Scope of Section 109
This section states that if there is no separate punishment of abetment provided in the Indian Penal code as such, then this offence is punishable with the same punishment as provided for the original offence.
Section 110 of IPC
This section comes into play when the intention of an abettor and the person abetted does an act that has different intentions from each other. As per this, the abettor will be punished with the abetted offence irrespective of the intention.
For example, A instigated B to cause grievous injury to M for preventing him from taking part in a racing competition. Now, B filled with deep anger tries to kill him and in this process inflict injury to M. Now A will be liable for the attempt to murder.
Principle of Probable Consequence
Section 111 of the Indian Penal Code deals with the Principle of Probable Consequence. According to this principle, if there is a difference between the intended act of the abettor and the actual act done, then the abettor will be liable for the actual one. The main precondition is that the actual act is a probable consequence of the Abetment.
For example. The Abetmentwas done for thrashing a person but the act committed was stabbing. Now the abettor will be liable for the stabbing if the latter act is done in the influence of instigation or Abetment.
Scope of Section 112
The extension of section 111 is mentioned in section 112 of the IPC. As per this section, if the person committed more than one act in the influence of instigation, then the abettor will be liable for each and every offence.

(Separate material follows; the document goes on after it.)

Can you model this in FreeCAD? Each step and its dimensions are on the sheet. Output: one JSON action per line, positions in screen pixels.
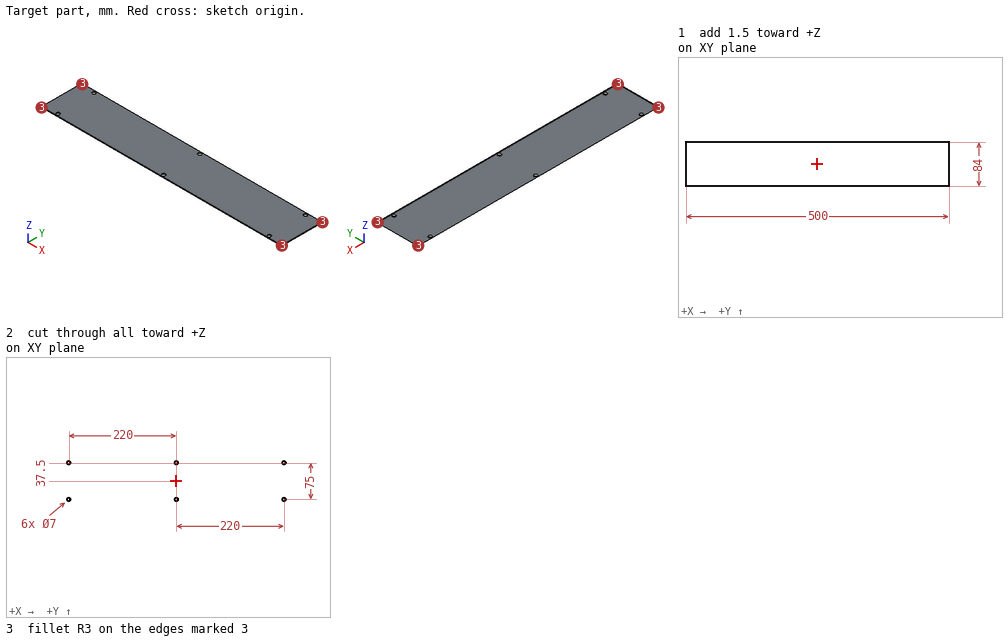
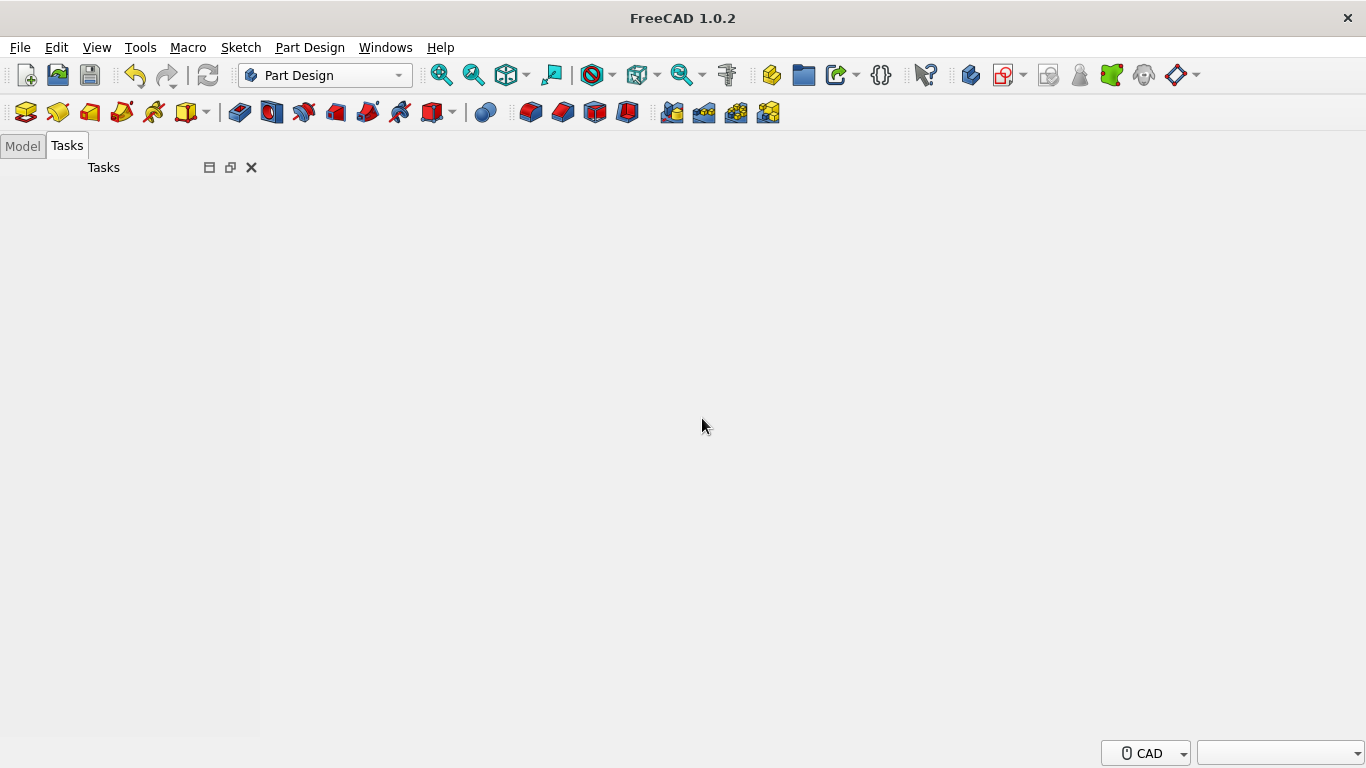
{"action": "left_click", "coordinate": [26, 76]}

For example. X instigated Y to commit rape. Y in the influence, not only committed rape but also killed her. Now X will be liable for the Abetment to rape as well as Abetment to murder.
Scope of Section 113
This section provides for the punishment wherein there is a difference between the intended effect and the actual effect that occurred after the commission of the offence.
Scope of Section 114
Section 114 deals with those cases wherein the actual crime is committed in the presence of an abettor. It is important to note that his mere presence will not make him liable for the offence. He must be sufficiently near to give assistance or he must participate in the alleged offence.
Scope of Section 115
It provides for the punishment of abetment of those offences which attract the death sentence. It comprises of two situations –
1). When the Offence was not committed in consequence of abetment then the punishment is 7 years and fine.
2). When the Offence was committed in the consequence of abetment then the punishment will be 14 years as well as a fine.
Scope of Section 116
Section 116 deals with the punishment of abetment for those offences which attract the punishment of imprisonment for life. It also comprises 2 things
1). When the offence is committed in consequence of abetment then he is entitled to the punishment of 1/4th of the offence as well as of the fine.
2). When the offence is committed by a public servant then the punishment is 1/2th of the actual offence as well as a fine.
Scope of Section 118-120
Section 118 of the IPC provides punishment for intentional facilitation in the crime. Section 119 provides punishment of public servants in the offence of abetment. Lastly, Section 120 of the code, provides for the punishment of deliberately hiding the identity for the offence of abetment.
The offence of abutment is based on the principle of natural justice which provides for punishment for maintaining just and fair law. It is based on jurisprudence that the accomplices in the crime shall also be punished with the main offender.